The problem is this:
* The client connects to port 443 and makes an SSL session start request
* The server must, at this point, know which certificate to use and
responds accordingly - BEFORE the client has sent any request headers.
* The client validates the certificate details against the hostname part
of the URI
* If the FQDN in the cert matches the hostname in the URI, everything is
rosy and you get on with your session. If not, the client throws a
warning to the browser operator and they get confused (or just hit
"yes", "accept" or whatever).
This means that *every* virtual host you are providing a secure site via
an SSL certificate to *must* bind to its' own IP address. If you're
using Apache, you'd therefore have multiple "Listen 188.8.131.52:443"
directives and ensure that the given <VirtualHost> block for a specific
ServerName only binds to one IP/port pair.
So both statements regarding hostnames and IP addresses are correct,
except that the IP address is actually independent of the certificate
FQDN (and the same cert can be used by multiple IP addresses, or even
machines, if license terms are not breached).

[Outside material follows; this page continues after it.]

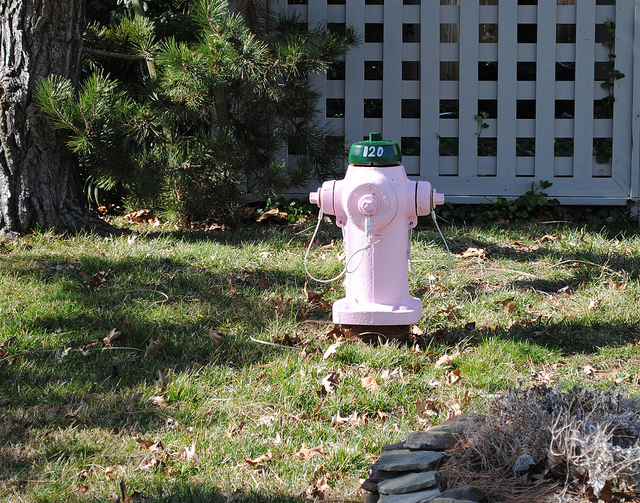Identify and read out the text in this image. 120

So, to using LVS (or any other form of load balancing):
This means there must be multiple VIPs on the client-facing side of the
cluster, and either:
For TUN and DR, every realserver handling these sites must be configured
to listen to all the appropriate VIPs on their loopback interface, or
For NAT, every realserver must have Apache bound to multiple internal
(ie. intra-cluster only) IP addresses and the LVS must be configured to
forward to those IP addresses.
Imagine you have a ten-server cluster with a single director, serving 1
SSL site - you need 1 client-facing VIP, and either 10 instances of
those VIPs on every realserver (for TUN or DR) or 1 internal IP address
*per realserver* in the cluster (that's 10 addresses total).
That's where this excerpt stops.